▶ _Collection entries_
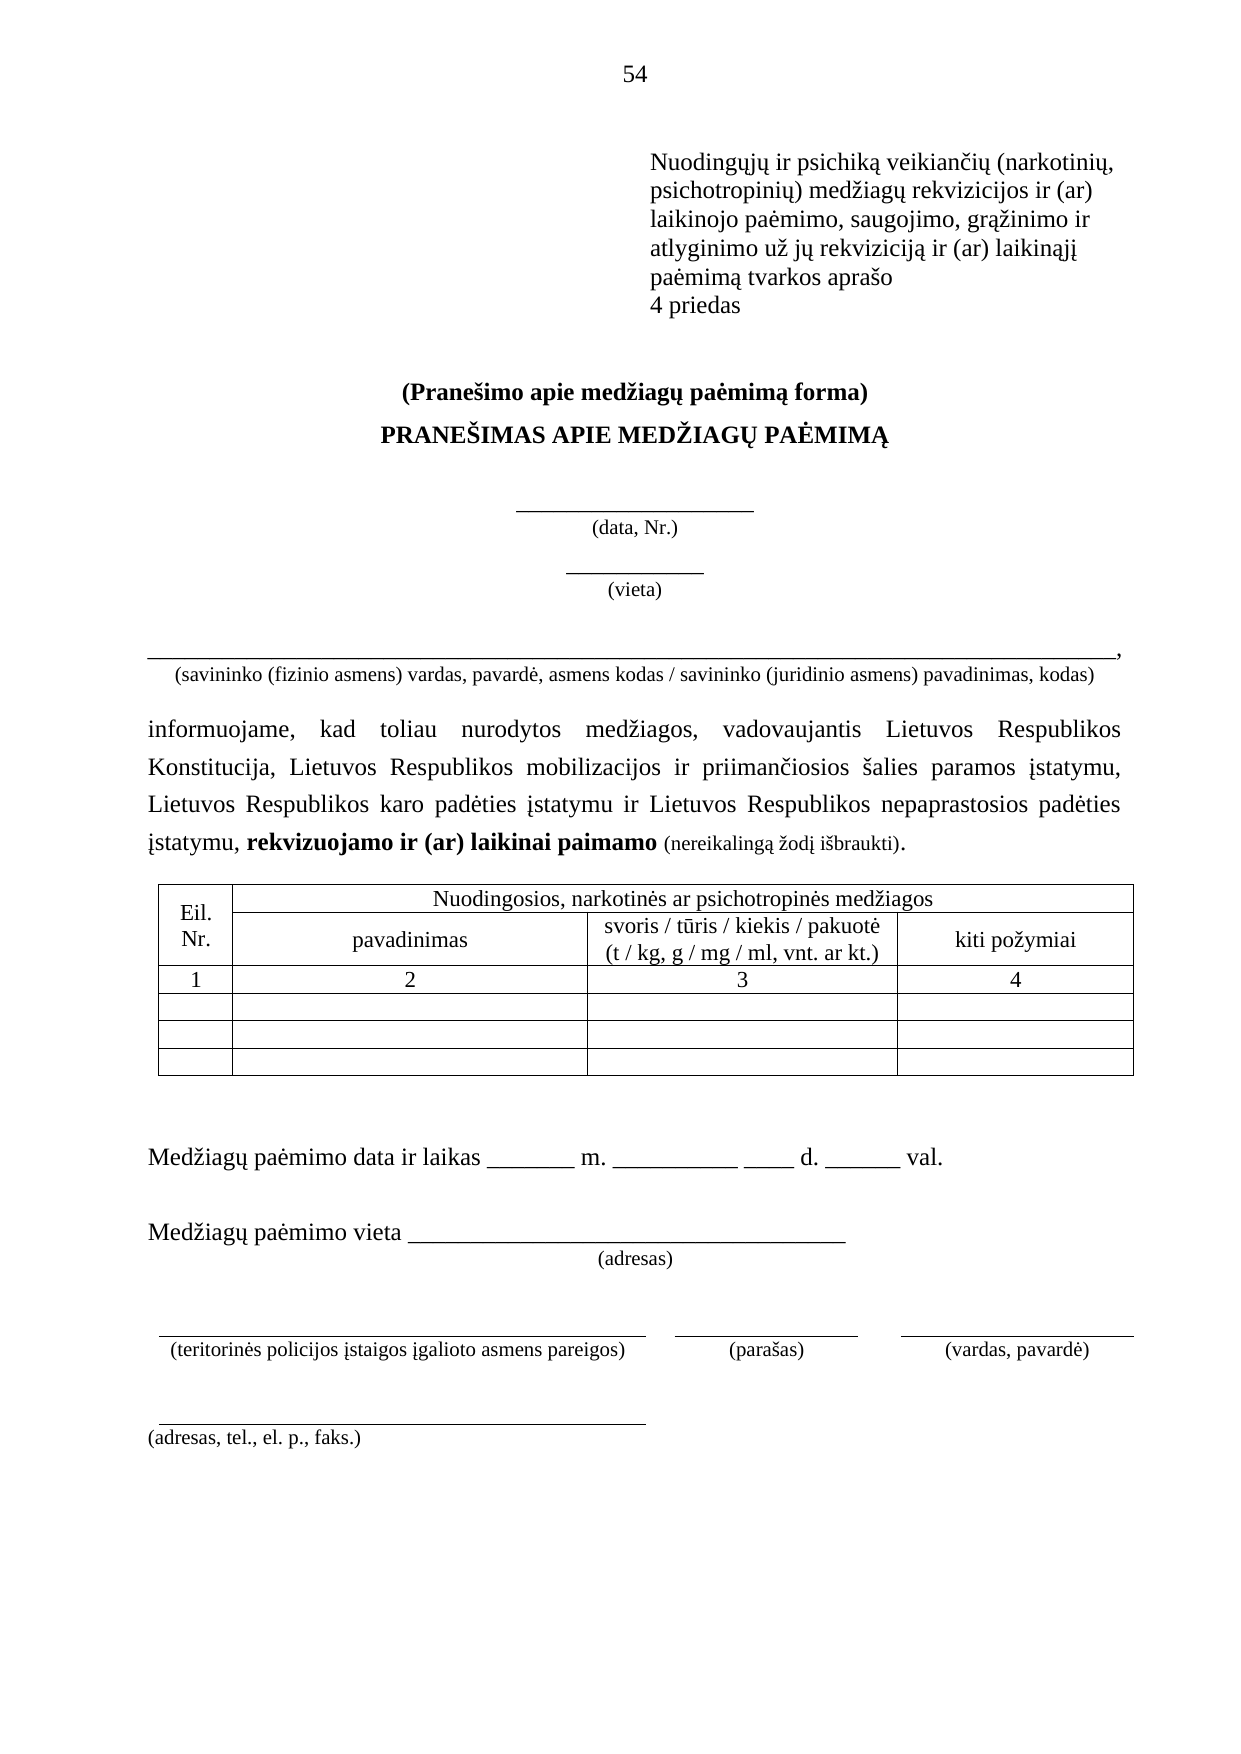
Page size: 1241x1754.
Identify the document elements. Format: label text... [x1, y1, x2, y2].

table_cell svoris / tūris / kiekis / pakuotė (t / kg, g / mg / ml, vnt. ar kt.) [588, 913, 897, 965]
table_header [901, 1299, 1133, 1336]
table_cell [159, 1049, 232, 1075]
text (data, Nr.) [148, 515, 1122, 539]
text Nuodingųjų ir psichiką veikiančių (narkotinių, psichotropinių) medžiagų rekvizicijos ir (ar) laikinojo paėmimo, saugojimo, grąžinimo ir atlyginimo už jų rekviziciją ir (ar) laikinąjį paėmimą tvarkos aprašo 4 priedas [650, 147, 1122, 319]
table_header [159, 1299, 646, 1336]
text (adresas, tel., el. p., faks.) [148, 1425, 1122, 1449]
text (Pranešimo apie medžiagų paėmimą forma) [148, 377, 1122, 406]
table_cell [233, 994, 587, 1020]
table_cell [898, 1021, 1133, 1047]
text , [148, 625, 1122, 662]
table_cell 1 [159, 966, 232, 993]
text informuojame, kad toliau nurodytos medžiagos, vadovaujantis Lietuvos Respublikos Konstitucija, Lietuvos Respublikos mobilizacijos ir priimančiosios šalies paramos įstatymu, Lietuvos Respublikos karo padėties įstatymu ir Lietuvos Respublikos nepaprastosios padėties įstatymu, rekvizuojamo ir (ar) laikinai paimamo (nereikalingą žodį išbraukti). [148, 705, 1122, 855]
table_cell (parašas) [675, 1337, 858, 1424]
text (adresas) [148, 1246, 1122, 1270]
table_cell [898, 994, 1133, 1020]
text (vieta) [148, 577, 1122, 601]
table_header Nuodingosios, narkotinės ar psichotropinės medžiagos [233, 885, 1133, 912]
table_header Eil. Nr. [159, 885, 232, 965]
table_cell [233, 1021, 587, 1047]
table_cell [898, 1049, 1133, 1075]
table_cell [159, 994, 232, 1020]
table_cell 4 [898, 966, 1133, 993]
table_cell [233, 1049, 587, 1075]
table_cell [588, 1049, 897, 1075]
table_header [646, 1299, 674, 1424]
table_cell [858, 1336, 901, 1424]
table_cell 2 [233, 966, 587, 993]
table_cell pavadinimas [233, 913, 587, 965]
table_cell [588, 1021, 897, 1047]
text Medžiagų paėmimo data ir laikas _______ m. __________ ____ d. ______ val. [148, 1133, 1122, 1171]
text ___________________ [148, 477, 1122, 515]
table_header [858, 1299, 901, 1336]
table_cell [588, 994, 897, 1020]
text ___________ [148, 539, 1122, 577]
text pranešimas APIE medžiagų pAėmimą [148, 420, 1122, 449]
table_cell (vardas, pavardė) [901, 1337, 1133, 1424]
table_cell (teritorinės policijos įstaigos įgalioto asmens pareigos) [159, 1337, 646, 1424]
table_header [675, 1299, 858, 1336]
text Medžiagų paėmimo vieta ___________________________________ [148, 1208, 1122, 1246]
table_cell kiti požymiai [898, 913, 1133, 965]
table_cell 3 [588, 966, 897, 993]
table_cell [159, 1021, 232, 1047]
text (savininko (fizinio asmens) vardas, pavardė, asmens kodas / savininko (juridinio asmens) pavadinimas, kodas) [148, 662, 1122, 686]
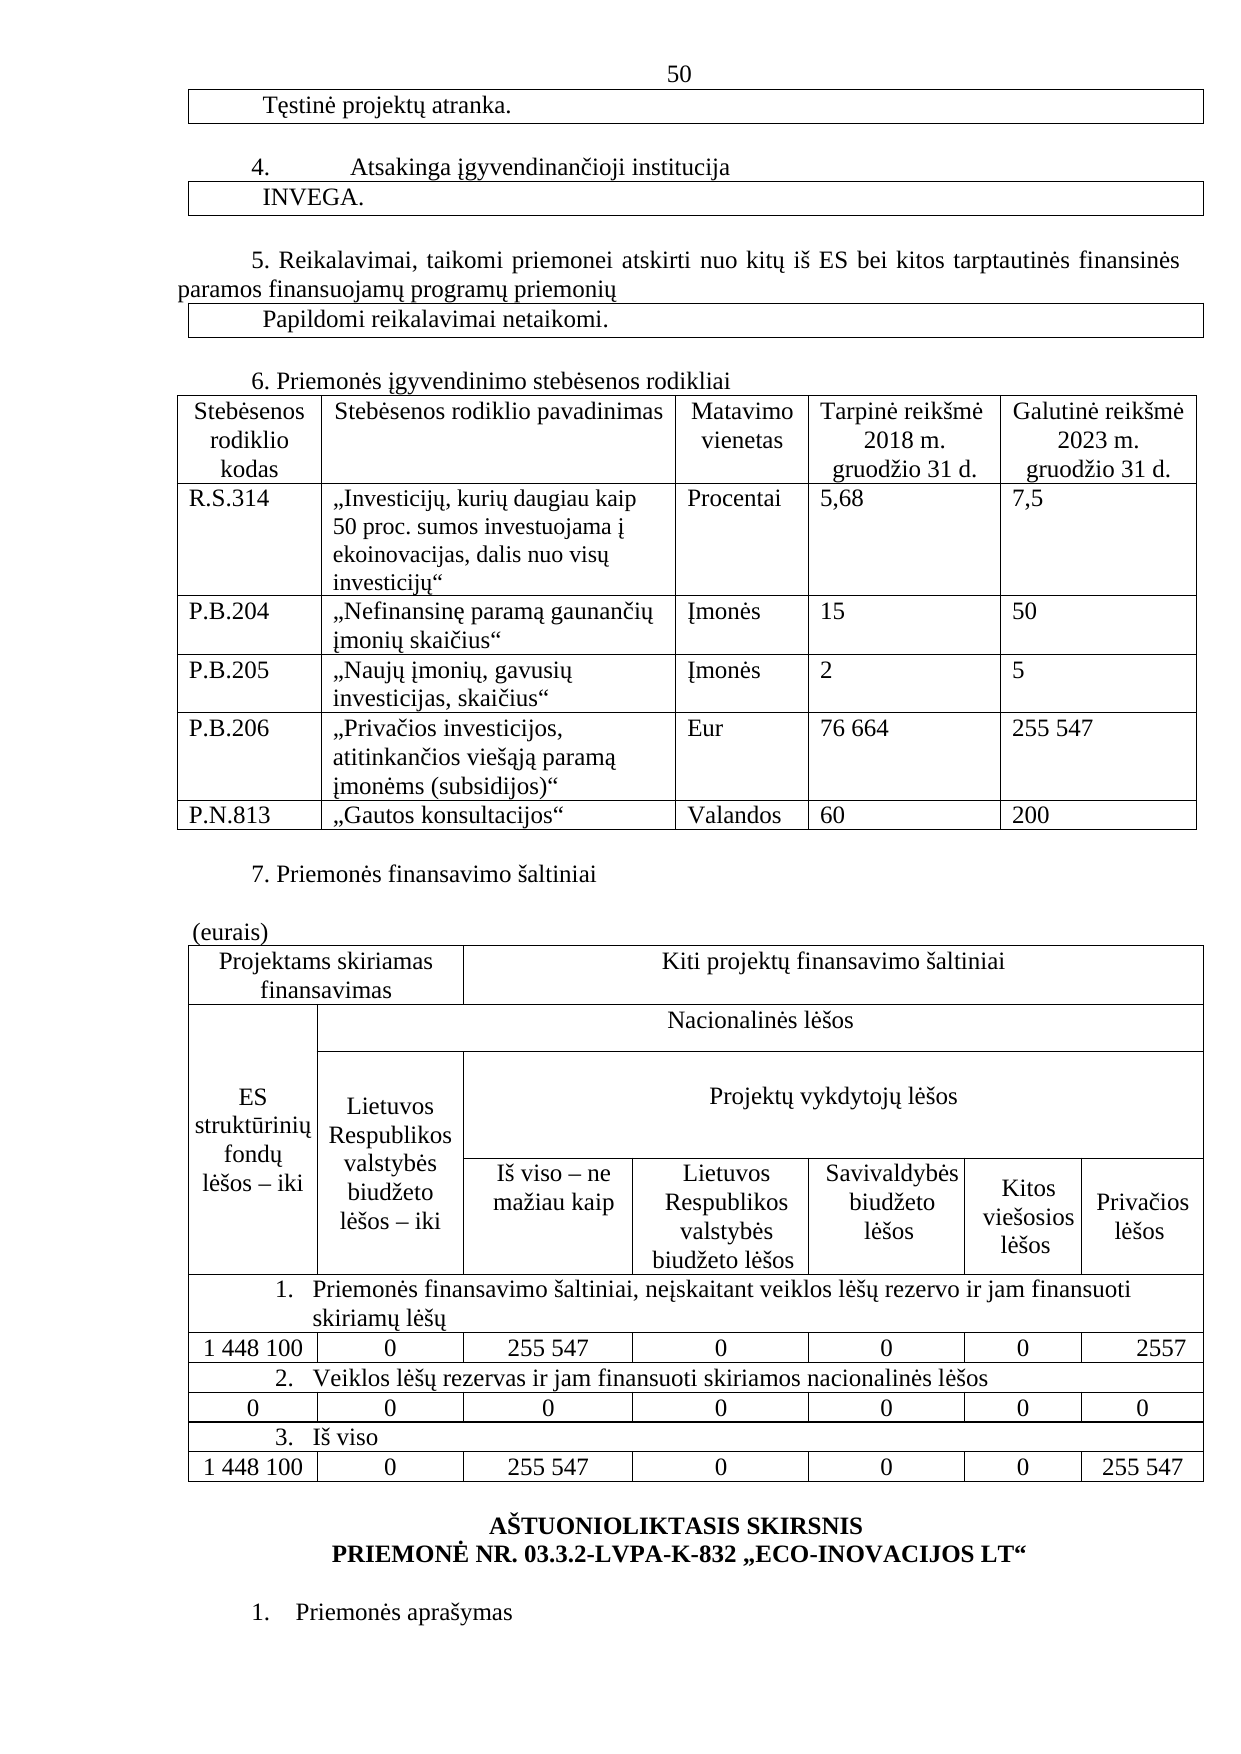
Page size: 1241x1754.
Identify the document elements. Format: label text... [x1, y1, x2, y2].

table_cell 255 547 [1082, 1452, 1203, 1481]
table_cell 0 [809, 1333, 964, 1362]
table_header Stebėsenos rodiklio pavadinimas [322, 396, 675, 482]
table_cell „Naujų įmonių, gavusių investicijas, skaičius“ [322, 655, 675, 712]
table_cell 15 [809, 596, 1000, 654]
text 6. Priemonės įgyvendinimo stebėsenos rodikliai [177, 366, 1181, 395]
table_cell P.N.813 [178, 801, 321, 829]
table_header Kiti projektų finansavimo šaltiniai [464, 946, 1203, 1004]
table_cell 1 448 100 [189, 1333, 317, 1362]
table_header INVEGA. [189, 182, 1203, 215]
table_cell Lietuvos Respublikos valstybės biudžeto lėšos – iki [318, 1052, 463, 1273]
table_header Matavimo vienetas [676, 396, 808, 482]
table_cell Procentai [676, 484, 808, 595]
table_cell 200 [1001, 801, 1196, 829]
table_cell 2 [809, 655, 1000, 712]
table_header Projektams skiriamas finansavimas [189, 946, 463, 1004]
table_cell 255 547 [464, 1333, 632, 1362]
table_cell 2557 [1082, 1333, 1203, 1362]
table_cell 1. Priemonės finansavimo šaltiniai, neįskaitant veiklos lėšų rezervo ir jam finansuoti skiriamų lėšų [189, 1275, 1203, 1332]
table_cell P.B.204 [178, 596, 321, 654]
table_cell 50 [1001, 596, 1196, 654]
table_cell „Gautos konsultacijos“ [322, 801, 675, 829]
table_cell 0 [189, 1393, 317, 1421]
text AŠTUONIOLIKTASIS SKIRSNIS [177, 1511, 1181, 1539]
text 5. Reikalavimai, taikomi priemonei atskirti nuo kitų iš ES bei kitos tarptautinės finansinės paramos finansuojamų programų priemonių [177, 245, 1181, 303]
table_cell 5,68 [809, 484, 1000, 595]
table_cell Iš viso – ne mažiau kaip [464, 1159, 632, 1273]
table_cell Privačios lėšos [1082, 1159, 1203, 1273]
table_cell 0 [464, 1393, 632, 1421]
table_cell Kitos viešosios lėšos [965, 1159, 1081, 1273]
table_cell 76 664 [809, 713, 1000, 799]
table_cell R.S.314 [178, 484, 321, 595]
table_cell „Investicijų, kurių daugiau kaip 50 proc. sumos investuojama į ekoinovacijas, dalis nuo visų investicijų“ [322, 484, 675, 595]
table_cell 3. Iš viso [189, 1423, 1203, 1451]
table_cell 255 547 [464, 1452, 632, 1481]
table_cell 5 [1001, 655, 1196, 712]
table_cell „Privačios investicijos, atitinkančios viešąją paramą įmonėms (subsidijos)“ [322, 713, 675, 799]
text PRIEMONĖ NR. 03.3.2-LVPA-K-832 „ECO-INOVACIJOS LT“ [177, 1539, 1181, 1568]
table_cell P.B.206 [178, 713, 321, 799]
text 7. Priemonės finansavimo šaltiniai [251, 859, 1181, 888]
table_cell 0 [965, 1452, 1081, 1481]
table_cell Nacionalinės lėšos [318, 1005, 1203, 1051]
table_cell Savivaldybės biudžeto lėšos [809, 1159, 964, 1273]
table_header Tęstinė projektų atranka. [189, 90, 1203, 123]
table_cell 2. Veiklos lėšų rezervas ir jam finansuoti skiriamos nacionalinės lėšos [189, 1363, 1203, 1392]
table_header Tarpinė reikšmė 2018 m. gruodžio 31 d. [809, 396, 1000, 482]
table_cell Įmonės [676, 596, 808, 654]
table_cell 7,5 [1001, 484, 1196, 595]
table_cell 0 [965, 1393, 1081, 1421]
table_cell 0 [1082, 1393, 1203, 1421]
table_cell Valandos [676, 801, 808, 829]
table_cell Eur [676, 713, 808, 799]
table_cell 0 [318, 1333, 463, 1362]
table_cell 0 [965, 1333, 1081, 1362]
table_cell 0 [809, 1452, 964, 1481]
text 1. Priemonės aprašymas [251, 1597, 1181, 1626]
table_cell 0 [318, 1393, 463, 1421]
table_cell 1 448 100 [189, 1452, 317, 1481]
text 4. Atsakinga įgyvendinančioji institucija [215, 152, 1181, 181]
table_cell P.B.205 [178, 655, 321, 712]
table_cell 60 [809, 801, 1000, 829]
table_cell Įmonės [676, 655, 808, 712]
table_cell 0 [318, 1452, 463, 1481]
table_cell 0 [633, 1452, 808, 1481]
text (eurais) [177, 888, 904, 945]
table_cell Lietuvos Respublikos valstybės biudžeto lėšos [633, 1159, 808, 1273]
table_cell Projektų vykdytojų lėšos [464, 1052, 1203, 1157]
table_cell 255 547 [1001, 713, 1196, 799]
table_header Papildomi reikalavimai netaikomi. [189, 304, 1203, 337]
table_cell „Nefinansinę paramą gaunančių įmonių skaičius“ [322, 596, 675, 654]
table_cell ES struktūrinių fondų lėšos – iki [189, 1005, 317, 1273]
table_cell 0 [633, 1333, 808, 1362]
table_cell 0 [809, 1393, 964, 1421]
table_header Stebėsenos rodiklio kodas [178, 396, 321, 482]
table_header Galutinė reikšmė 2023 m. gruodžio 31 d. [1001, 396, 1196, 482]
table_cell 0 [633, 1393, 808, 1421]

▶ _WORK REQUEST_
Every line that contains "adresas" should be copied out of the data.

▶ _COMPLETED EXERCISE_
text (adresas, tel., el. p., faks.) [148, 1425, 1122, 1449]
text (adresas) [148, 1246, 1122, 1270]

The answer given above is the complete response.